Records contained in a dataset

━━━━━━

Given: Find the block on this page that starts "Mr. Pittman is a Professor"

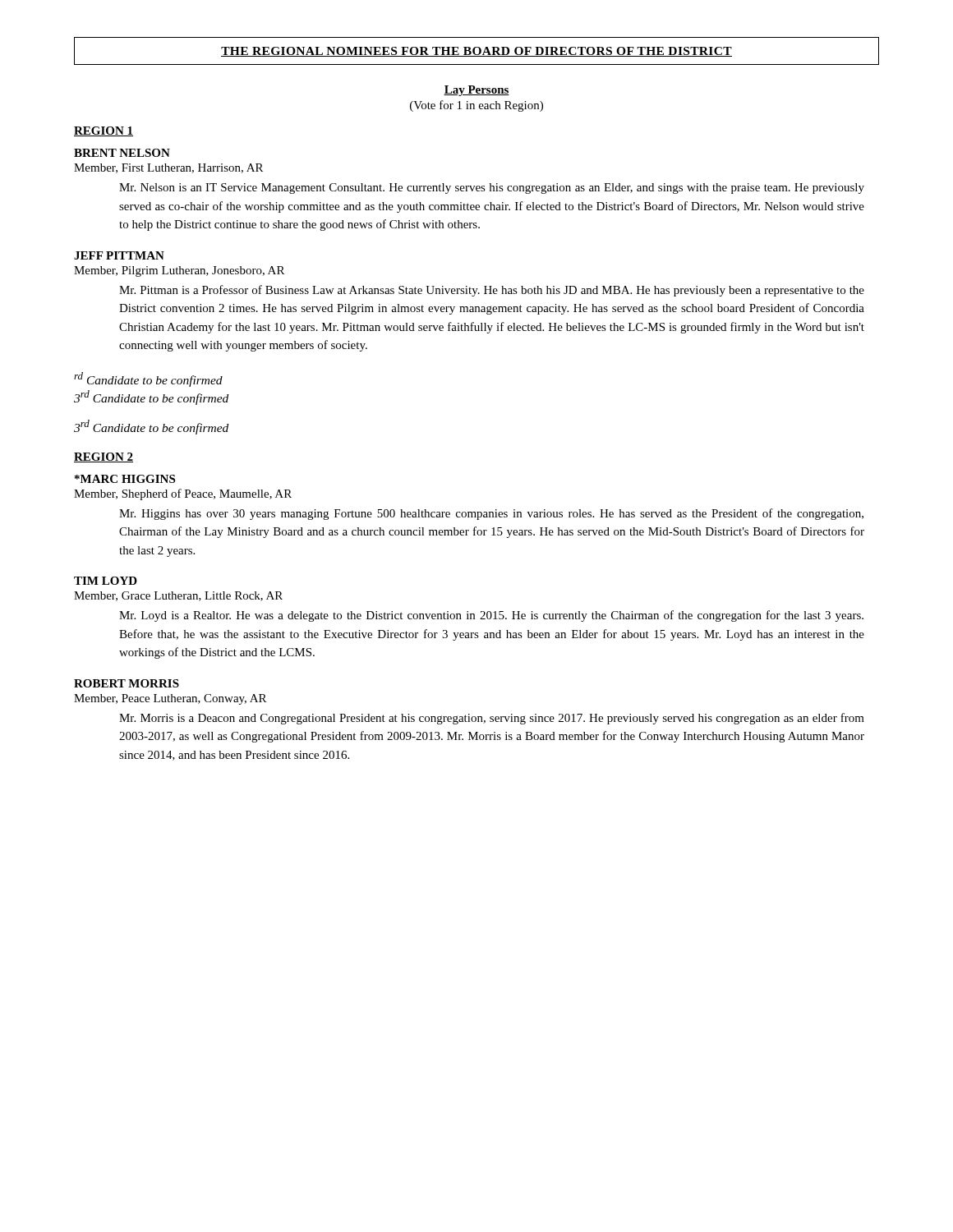Looking at the screenshot, I should pyautogui.click(x=492, y=317).
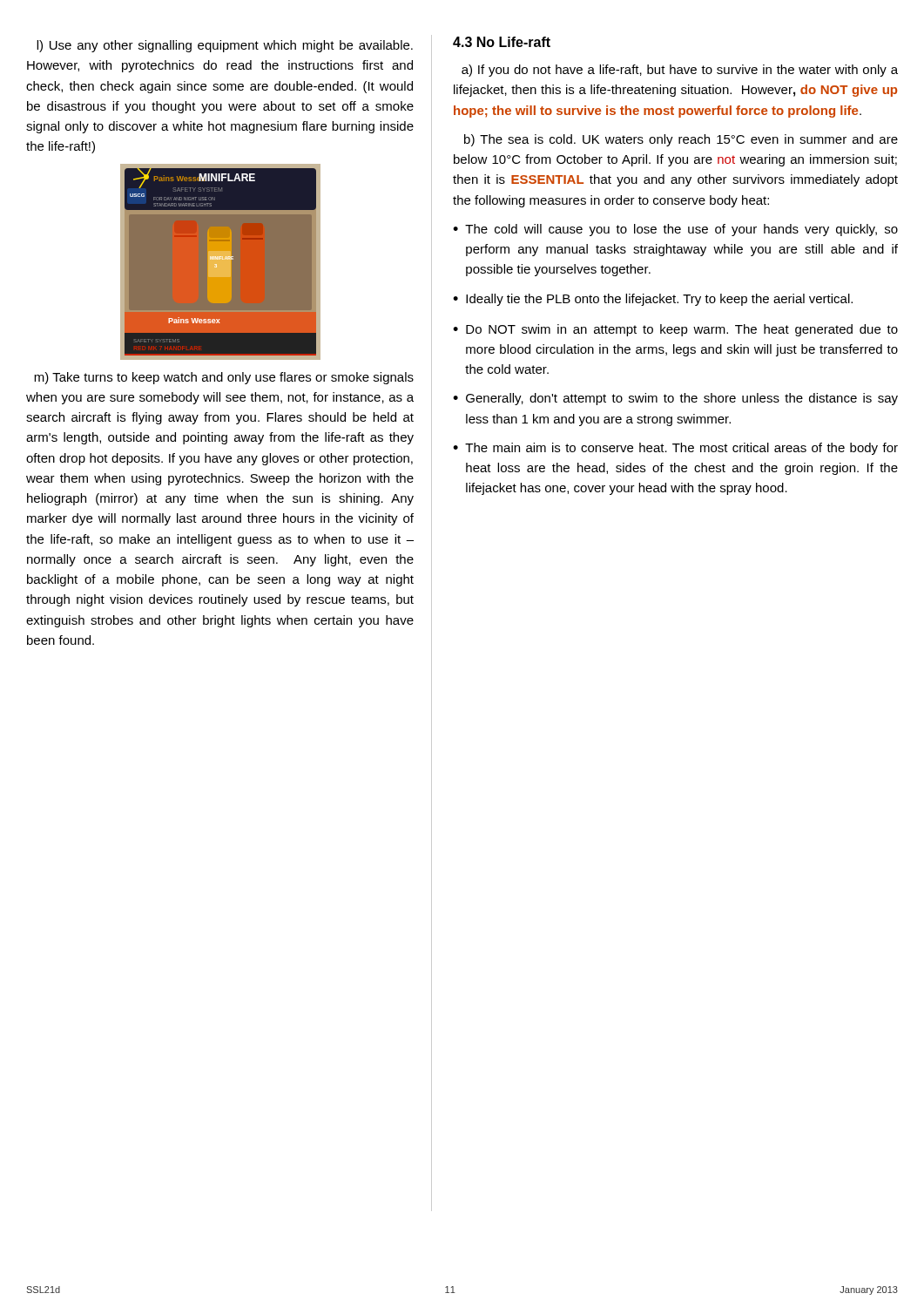
Task: Point to the text starting "m) Take turns to keep watch"
Action: [220, 508]
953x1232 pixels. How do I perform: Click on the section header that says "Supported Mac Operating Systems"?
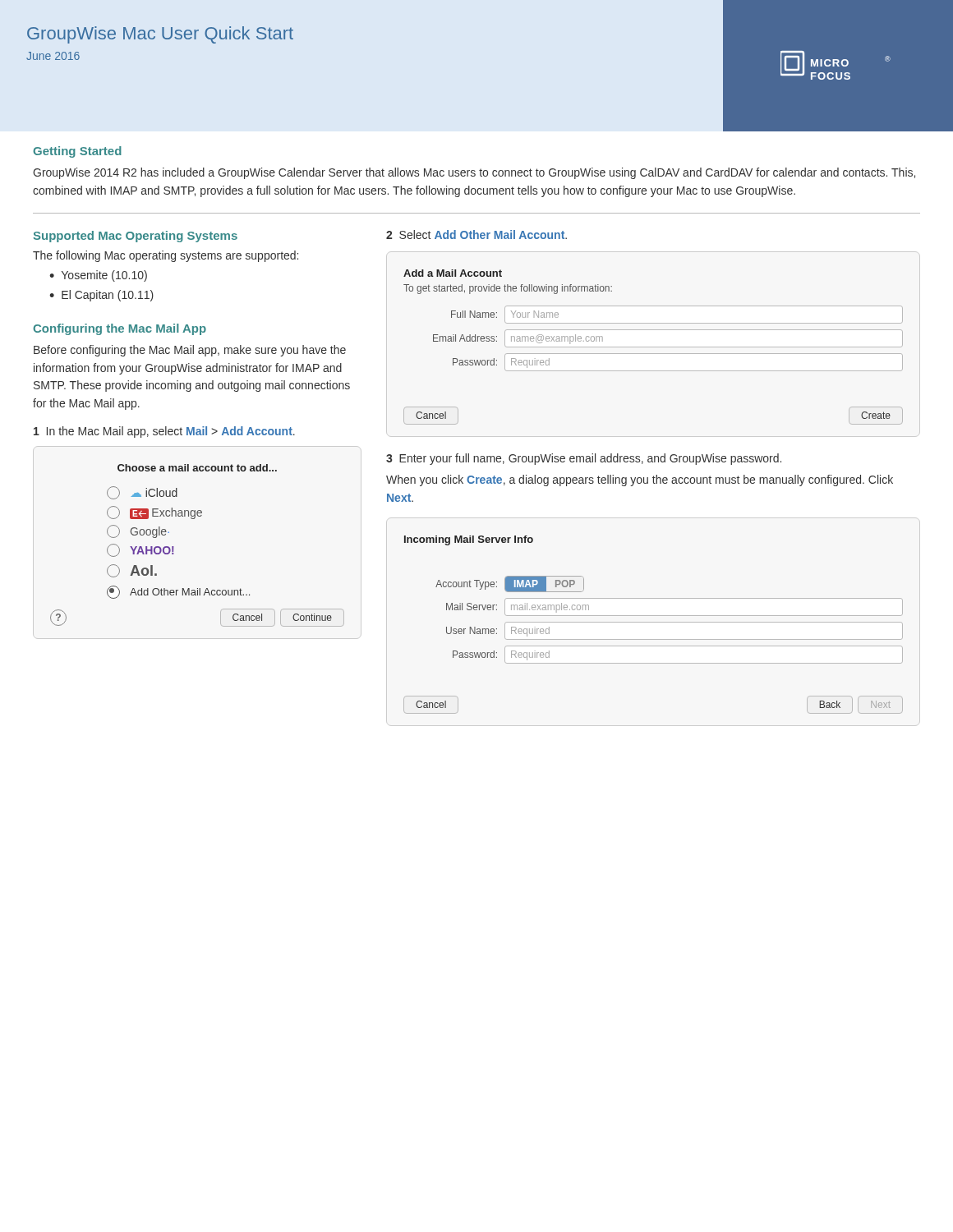click(x=135, y=236)
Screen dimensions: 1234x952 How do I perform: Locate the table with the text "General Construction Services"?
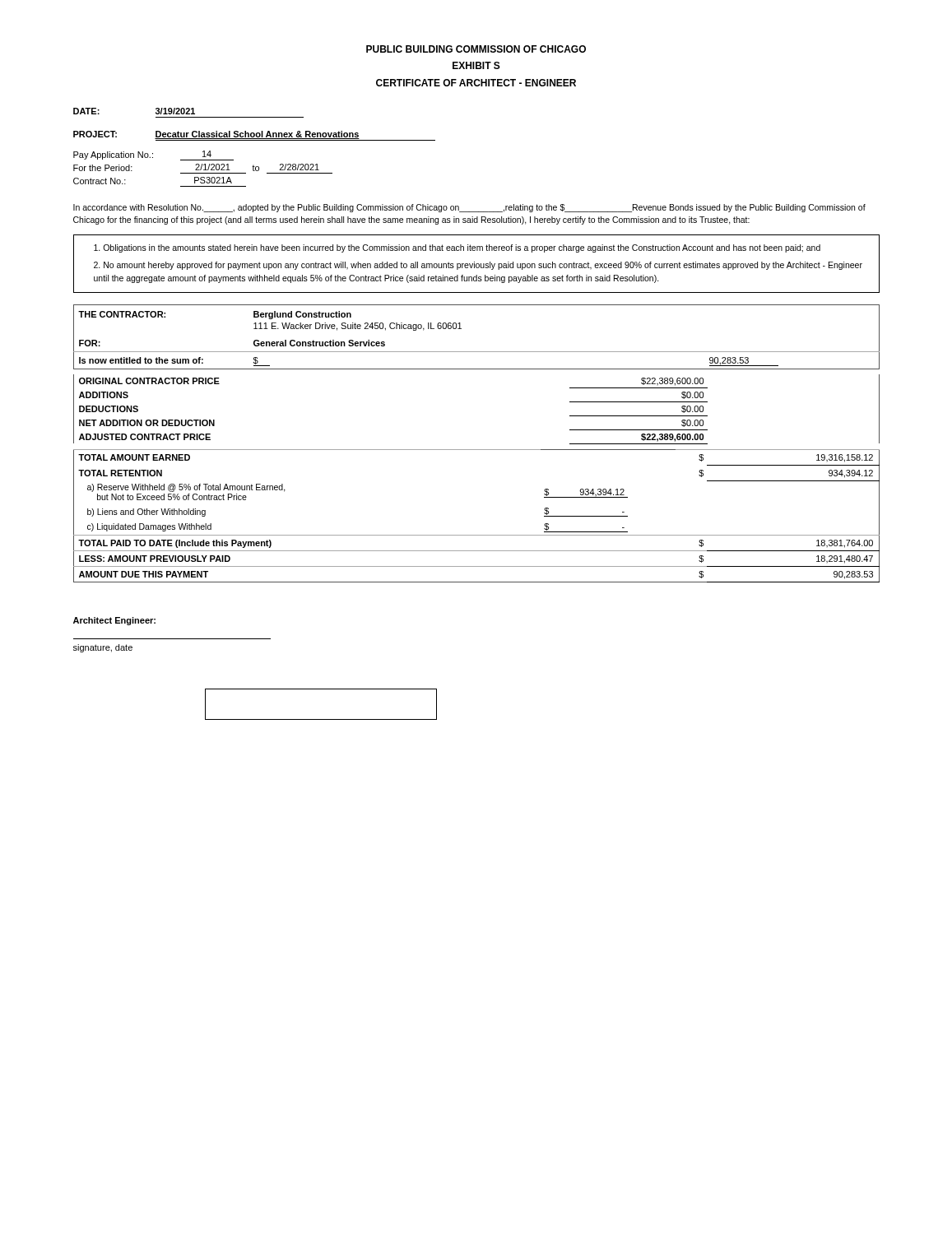476,443
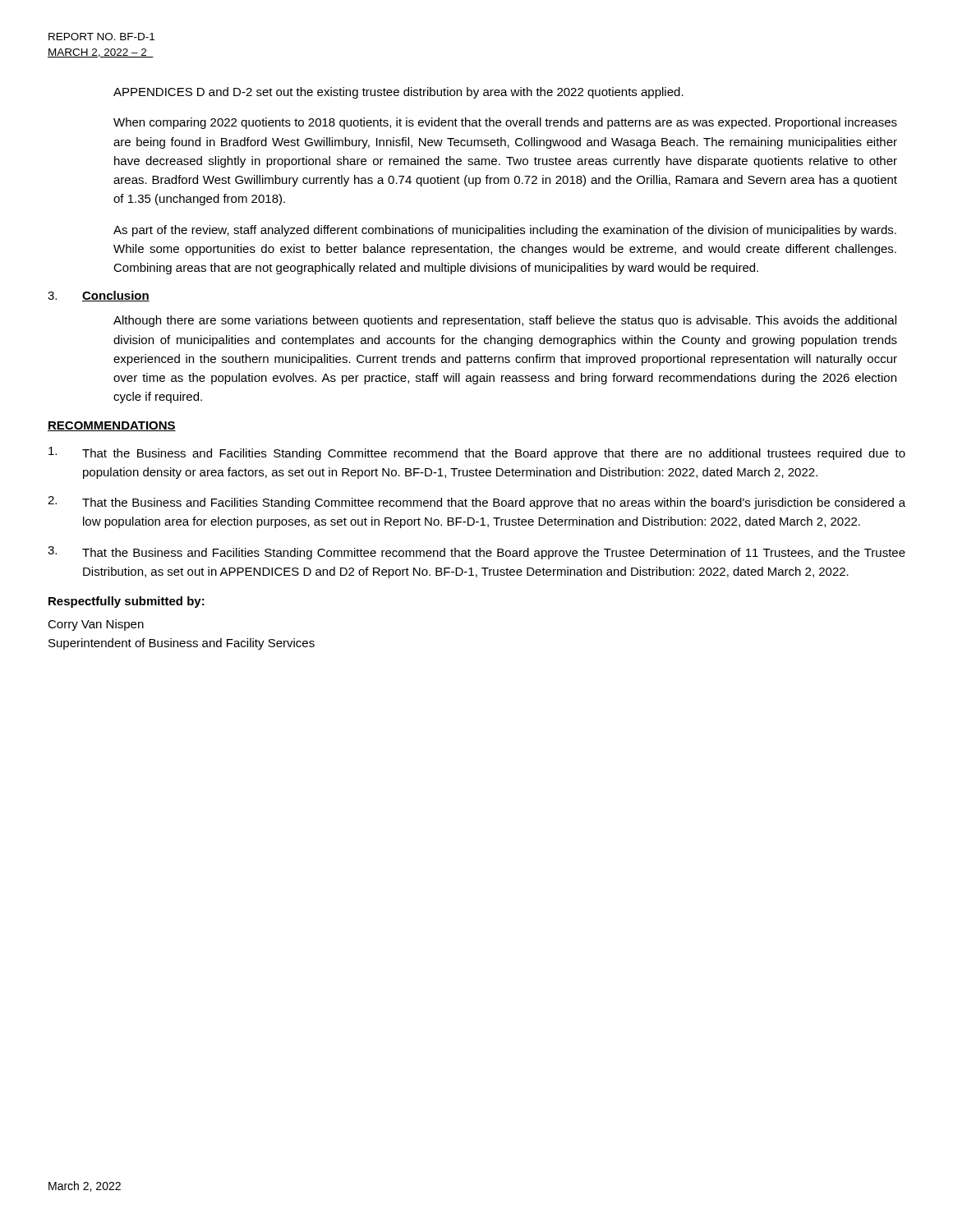This screenshot has height=1232, width=953.
Task: Locate the text block that reads "Although there are some"
Action: coord(505,358)
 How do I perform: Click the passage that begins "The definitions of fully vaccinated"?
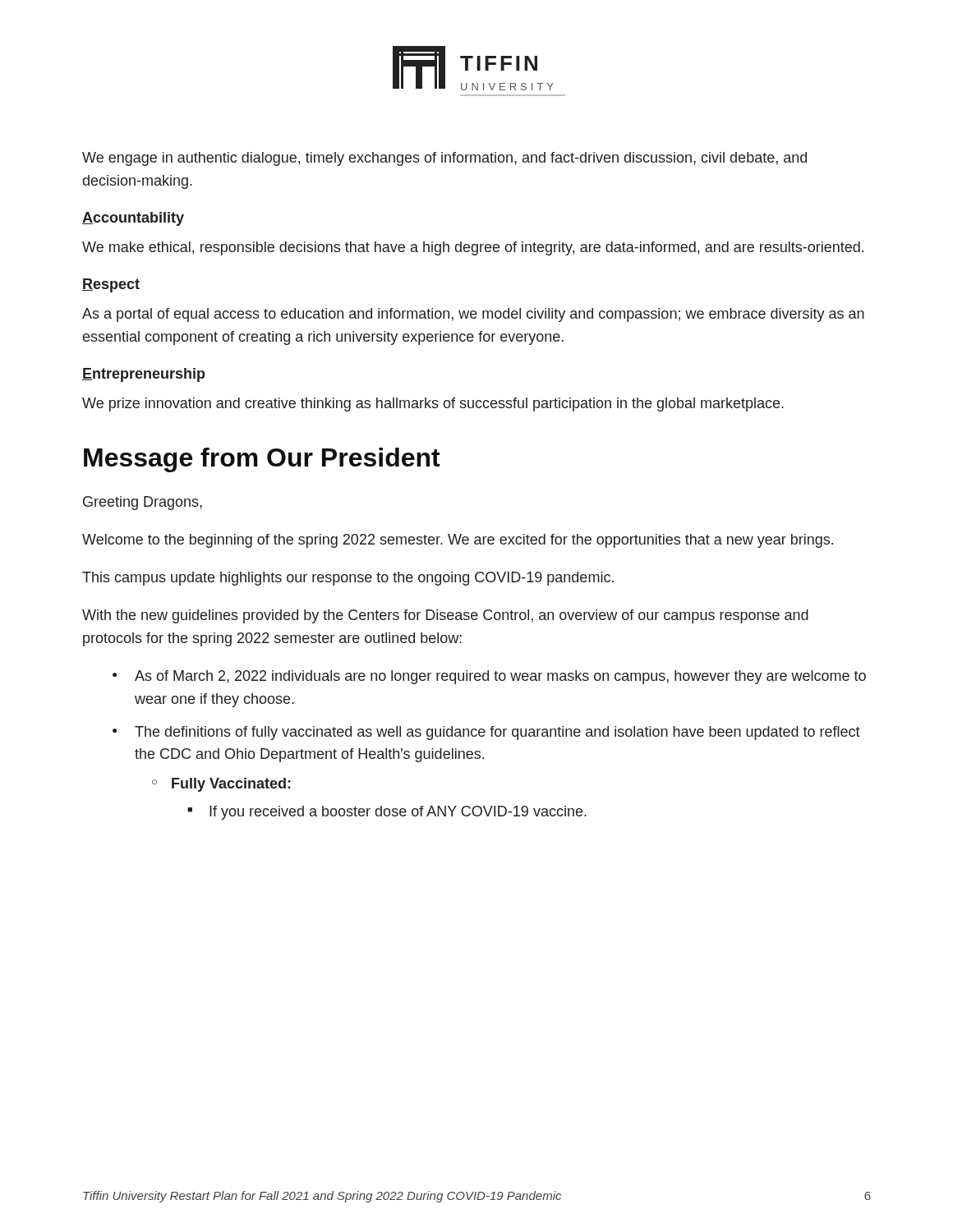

━━━━━━

**Problem statement:** The data should be printed again unchanged; leave its pictures out.

**Reply:**
Given: Find the block on this page that starts "Mr. Pittman is a Professor"

Looking at the screenshot, I should pyautogui.click(x=492, y=317).
Task: Point to the text starting "m) Take turns to keep watch"
Action: [220, 508]
953x1232 pixels. How do I perform: Click on the section header that says "Supported Mac Operating Systems"?
click(x=135, y=236)
Screen dimensions: 1234x952 How do I perform: Locate the table with the text "General Construction Services"?
476,443
This screenshot has height=1232, width=953.
Task: Locate the text block that reads "Although there are some"
Action: coord(505,358)
 How do I perform: Click the passage that begins "The definitions of fully vaccinated"?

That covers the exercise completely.